Activity -
Pull out each line of the records holding the string "bottom".

Records excerpted from a collection
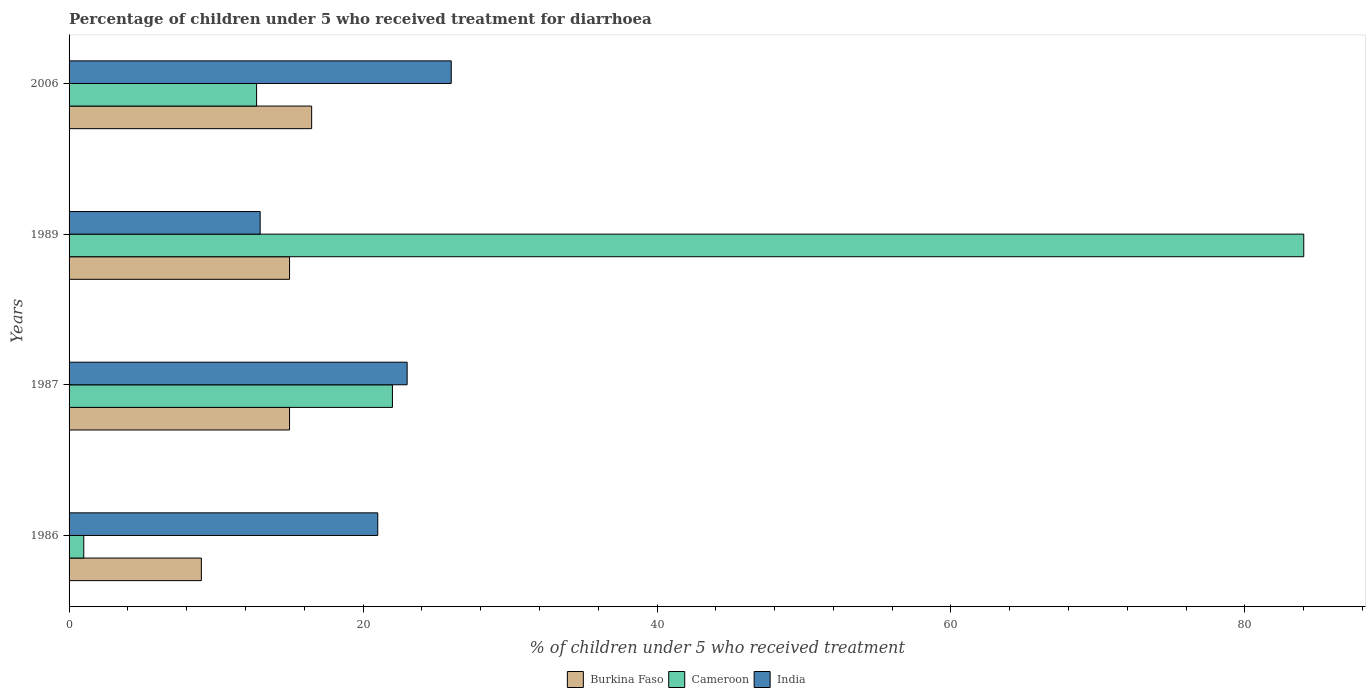Are the number of bars on each tick of the Y-axis equal?
Your answer should be very brief. Yes. How many bars are there on the 3rd tick from the bottom?
Provide a short and direct response. 3. In how many cases, is the number of bars for a given year not equal to the number of legend labels?
Ensure brevity in your answer.  0. Across all years, what is the maximum percentage of children who received treatment for diarrhoea  in Burkina Faso?
Keep it short and to the point. 16.5. Across all years, what is the minimum percentage of children who received treatment for diarrhoea  in Cameroon?
Offer a terse response. 1. In which year was the percentage of children who received treatment for diarrhoea  in India maximum?
Offer a very short reply. 2006. In which year was the percentage of children who received treatment for diarrhoea  in Cameroon minimum?
Provide a short and direct response. 1986. What is the difference between the percentage of children who received treatment for diarrhoea  in Cameroon in 1987 and that in 1989?
Keep it short and to the point. -62. What is the average percentage of children who received treatment for diarrhoea  in Burkina Faso per year?
Your answer should be very brief. 13.88. In how many years, is the percentage of children who received treatment for diarrhoea  in Cameroon greater than 32 %?
Offer a very short reply. 1. What is the ratio of the percentage of children who received treatment for diarrhoea  in Cameroon in 1987 to that in 2006?
Your answer should be compact. 1.72. Is the percentage of children who received treatment for diarrhoea  in Cameroon in 1987 less than that in 2006?
Provide a succinct answer. No. What is the difference between the highest and the second highest percentage of children who received treatment for diarrhoea  in Cameroon?
Make the answer very short. 62. What is the difference between the highest and the lowest percentage of children who received treatment for diarrhoea  in Burkina Faso?
Make the answer very short. 7.5. In how many years, is the percentage of children who received treatment for diarrhoea  in Cameroon greater than the average percentage of children who received treatment for diarrhoea  in Cameroon taken over all years?
Give a very brief answer. 1. What does the 2nd bar from the top in 1989 represents?
Give a very brief answer. Cameroon. What does the 2nd bar from the bottom in 2006 represents?
Ensure brevity in your answer.  Cameroon. Is it the case that in every year, the sum of the percentage of children who received treatment for diarrhoea  in Burkina Faso and percentage of children who received treatment for diarrhoea  in Cameroon is greater than the percentage of children who received treatment for diarrhoea  in India?
Give a very brief answer. No. Are the values on the major ticks of X-axis written in scientific E-notation?
Provide a short and direct response. No. Does the graph contain grids?
Provide a short and direct response. No. What is the title of the graph?
Your answer should be compact. Percentage of children under 5 who received treatment for diarrhoea. Does "Hong Kong" appear as one of the legend labels in the graph?
Give a very brief answer. No. What is the label or title of the X-axis?
Provide a short and direct response. % of children under 5 who received treatment. What is the % of children under 5 who received treatment in Burkina Faso in 1986?
Offer a very short reply. 9. What is the % of children under 5 who received treatment in Cameroon in 1986?
Make the answer very short. 1. What is the % of children under 5 who received treatment of India in 1986?
Give a very brief answer. 21. What is the % of children under 5 who received treatment of Cameroon in 1987?
Your answer should be very brief. 22. What is the % of children under 5 who received treatment of India in 1987?
Provide a succinct answer. 23. What is the % of children under 5 who received treatment in Burkina Faso in 1989?
Provide a short and direct response. 15. What is the % of children under 5 who received treatment of India in 1989?
Your response must be concise. 13. What is the % of children under 5 who received treatment of Burkina Faso in 2006?
Keep it short and to the point. 16.5. What is the % of children under 5 who received treatment of Cameroon in 2006?
Your answer should be very brief. 12.76. What is the % of children under 5 who received treatment in India in 2006?
Your answer should be very brief. 26. Across all years, what is the maximum % of children under 5 who received treatment of Burkina Faso?
Make the answer very short. 16.5. Across all years, what is the maximum % of children under 5 who received treatment in India?
Make the answer very short. 26. Across all years, what is the minimum % of children under 5 who received treatment in Burkina Faso?
Your answer should be compact. 9. Across all years, what is the minimum % of children under 5 who received treatment of Cameroon?
Provide a succinct answer. 1. Across all years, what is the minimum % of children under 5 who received treatment of India?
Give a very brief answer. 13. What is the total % of children under 5 who received treatment of Burkina Faso in the graph?
Your response must be concise. 55.5. What is the total % of children under 5 who received treatment in Cameroon in the graph?
Keep it short and to the point. 119.76. What is the total % of children under 5 who received treatment of India in the graph?
Provide a short and direct response. 83. What is the difference between the % of children under 5 who received treatment in Cameroon in 1986 and that in 1987?
Provide a succinct answer. -21. What is the difference between the % of children under 5 who received treatment in India in 1986 and that in 1987?
Your answer should be very brief. -2. What is the difference between the % of children under 5 who received treatment in Burkina Faso in 1986 and that in 1989?
Your answer should be compact. -6. What is the difference between the % of children under 5 who received treatment in Cameroon in 1986 and that in 1989?
Your answer should be very brief. -83. What is the difference between the % of children under 5 who received treatment in India in 1986 and that in 1989?
Give a very brief answer. 8. What is the difference between the % of children under 5 who received treatment in Burkina Faso in 1986 and that in 2006?
Ensure brevity in your answer.  -7.5. What is the difference between the % of children under 5 who received treatment in Cameroon in 1986 and that in 2006?
Give a very brief answer. -11.76. What is the difference between the % of children under 5 who received treatment in Burkina Faso in 1987 and that in 1989?
Provide a short and direct response. 0. What is the difference between the % of children under 5 who received treatment in Cameroon in 1987 and that in 1989?
Offer a very short reply. -62. What is the difference between the % of children under 5 who received treatment in Burkina Faso in 1987 and that in 2006?
Your response must be concise. -1.5. What is the difference between the % of children under 5 who received treatment of Cameroon in 1987 and that in 2006?
Provide a succinct answer. 9.24. What is the difference between the % of children under 5 who received treatment in India in 1987 and that in 2006?
Ensure brevity in your answer.  -3. What is the difference between the % of children under 5 who received treatment of Burkina Faso in 1989 and that in 2006?
Your answer should be very brief. -1.5. What is the difference between the % of children under 5 who received treatment of Cameroon in 1989 and that in 2006?
Give a very brief answer. 71.24. What is the difference between the % of children under 5 who received treatment in India in 1989 and that in 2006?
Ensure brevity in your answer.  -13. What is the difference between the % of children under 5 who received treatment of Burkina Faso in 1986 and the % of children under 5 who received treatment of India in 1987?
Make the answer very short. -14. What is the difference between the % of children under 5 who received treatment of Cameroon in 1986 and the % of children under 5 who received treatment of India in 1987?
Your answer should be compact. -22. What is the difference between the % of children under 5 who received treatment in Burkina Faso in 1986 and the % of children under 5 who received treatment in Cameroon in 1989?
Offer a terse response. -75. What is the difference between the % of children under 5 who received treatment of Burkina Faso in 1986 and the % of children under 5 who received treatment of Cameroon in 2006?
Ensure brevity in your answer.  -3.76. What is the difference between the % of children under 5 who received treatment in Cameroon in 1986 and the % of children under 5 who received treatment in India in 2006?
Ensure brevity in your answer.  -25. What is the difference between the % of children under 5 who received treatment in Burkina Faso in 1987 and the % of children under 5 who received treatment in Cameroon in 1989?
Your answer should be very brief. -69. What is the difference between the % of children under 5 who received treatment of Burkina Faso in 1987 and the % of children under 5 who received treatment of Cameroon in 2006?
Provide a short and direct response. 2.24. What is the difference between the % of children under 5 who received treatment in Burkina Faso in 1987 and the % of children under 5 who received treatment in India in 2006?
Your answer should be very brief. -11. What is the difference between the % of children under 5 who received treatment in Cameroon in 1987 and the % of children under 5 who received treatment in India in 2006?
Ensure brevity in your answer.  -4. What is the difference between the % of children under 5 who received treatment of Burkina Faso in 1989 and the % of children under 5 who received treatment of Cameroon in 2006?
Make the answer very short. 2.24. What is the difference between the % of children under 5 who received treatment of Burkina Faso in 1989 and the % of children under 5 who received treatment of India in 2006?
Your answer should be compact. -11. What is the difference between the % of children under 5 who received treatment of Cameroon in 1989 and the % of children under 5 who received treatment of India in 2006?
Give a very brief answer. 58. What is the average % of children under 5 who received treatment of Burkina Faso per year?
Provide a succinct answer. 13.88. What is the average % of children under 5 who received treatment in Cameroon per year?
Ensure brevity in your answer.  29.94. What is the average % of children under 5 who received treatment of India per year?
Offer a terse response. 20.75. In the year 1986, what is the difference between the % of children under 5 who received treatment in Burkina Faso and % of children under 5 who received treatment in India?
Keep it short and to the point. -12. In the year 1987, what is the difference between the % of children under 5 who received treatment in Burkina Faso and % of children under 5 who received treatment in India?
Offer a very short reply. -8. In the year 1989, what is the difference between the % of children under 5 who received treatment in Burkina Faso and % of children under 5 who received treatment in Cameroon?
Your response must be concise. -69. In the year 1989, what is the difference between the % of children under 5 who received treatment of Burkina Faso and % of children under 5 who received treatment of India?
Ensure brevity in your answer.  2. In the year 1989, what is the difference between the % of children under 5 who received treatment of Cameroon and % of children under 5 who received treatment of India?
Your answer should be very brief. 71. In the year 2006, what is the difference between the % of children under 5 who received treatment in Burkina Faso and % of children under 5 who received treatment in Cameroon?
Make the answer very short. 3.75. In the year 2006, what is the difference between the % of children under 5 who received treatment in Burkina Faso and % of children under 5 who received treatment in India?
Offer a very short reply. -9.5. In the year 2006, what is the difference between the % of children under 5 who received treatment in Cameroon and % of children under 5 who received treatment in India?
Provide a short and direct response. -13.24. What is the ratio of the % of children under 5 who received treatment of Burkina Faso in 1986 to that in 1987?
Keep it short and to the point. 0.6. What is the ratio of the % of children under 5 who received treatment in Cameroon in 1986 to that in 1987?
Provide a succinct answer. 0.05. What is the ratio of the % of children under 5 who received treatment in India in 1986 to that in 1987?
Provide a succinct answer. 0.91. What is the ratio of the % of children under 5 who received treatment in Burkina Faso in 1986 to that in 1989?
Provide a short and direct response. 0.6. What is the ratio of the % of children under 5 who received treatment of Cameroon in 1986 to that in 1989?
Offer a terse response. 0.01. What is the ratio of the % of children under 5 who received treatment in India in 1986 to that in 1989?
Give a very brief answer. 1.62. What is the ratio of the % of children under 5 who received treatment of Burkina Faso in 1986 to that in 2006?
Your response must be concise. 0.55. What is the ratio of the % of children under 5 who received treatment in Cameroon in 1986 to that in 2006?
Offer a very short reply. 0.08. What is the ratio of the % of children under 5 who received treatment in India in 1986 to that in 2006?
Offer a very short reply. 0.81. What is the ratio of the % of children under 5 who received treatment in Burkina Faso in 1987 to that in 1989?
Provide a short and direct response. 1. What is the ratio of the % of children under 5 who received treatment in Cameroon in 1987 to that in 1989?
Your answer should be very brief. 0.26. What is the ratio of the % of children under 5 who received treatment in India in 1987 to that in 1989?
Your response must be concise. 1.77. What is the ratio of the % of children under 5 who received treatment in Burkina Faso in 1987 to that in 2006?
Your answer should be compact. 0.91. What is the ratio of the % of children under 5 who received treatment in Cameroon in 1987 to that in 2006?
Ensure brevity in your answer.  1.72. What is the ratio of the % of children under 5 who received treatment of India in 1987 to that in 2006?
Offer a terse response. 0.88. What is the ratio of the % of children under 5 who received treatment in Burkina Faso in 1989 to that in 2006?
Make the answer very short. 0.91. What is the ratio of the % of children under 5 who received treatment in Cameroon in 1989 to that in 2006?
Provide a succinct answer. 6.58. What is the ratio of the % of children under 5 who received treatment of India in 1989 to that in 2006?
Your answer should be very brief. 0.5. What is the difference between the highest and the second highest % of children under 5 who received treatment in Burkina Faso?
Provide a succinct answer. 1.5. What is the difference between the highest and the second highest % of children under 5 who received treatment of Cameroon?
Make the answer very short. 62. What is the difference between the highest and the lowest % of children under 5 who received treatment in Burkina Faso?
Make the answer very short. 7.5. What is the difference between the highest and the lowest % of children under 5 who received treatment of India?
Ensure brevity in your answer.  13.

Exercise solution -
Your answer should be very brief. Yes. How many bars are there on the 3rd tick from the bottom?
Give a very brief answer. Cameroon. What does the 2nd bar from the bottom in 2006 represents?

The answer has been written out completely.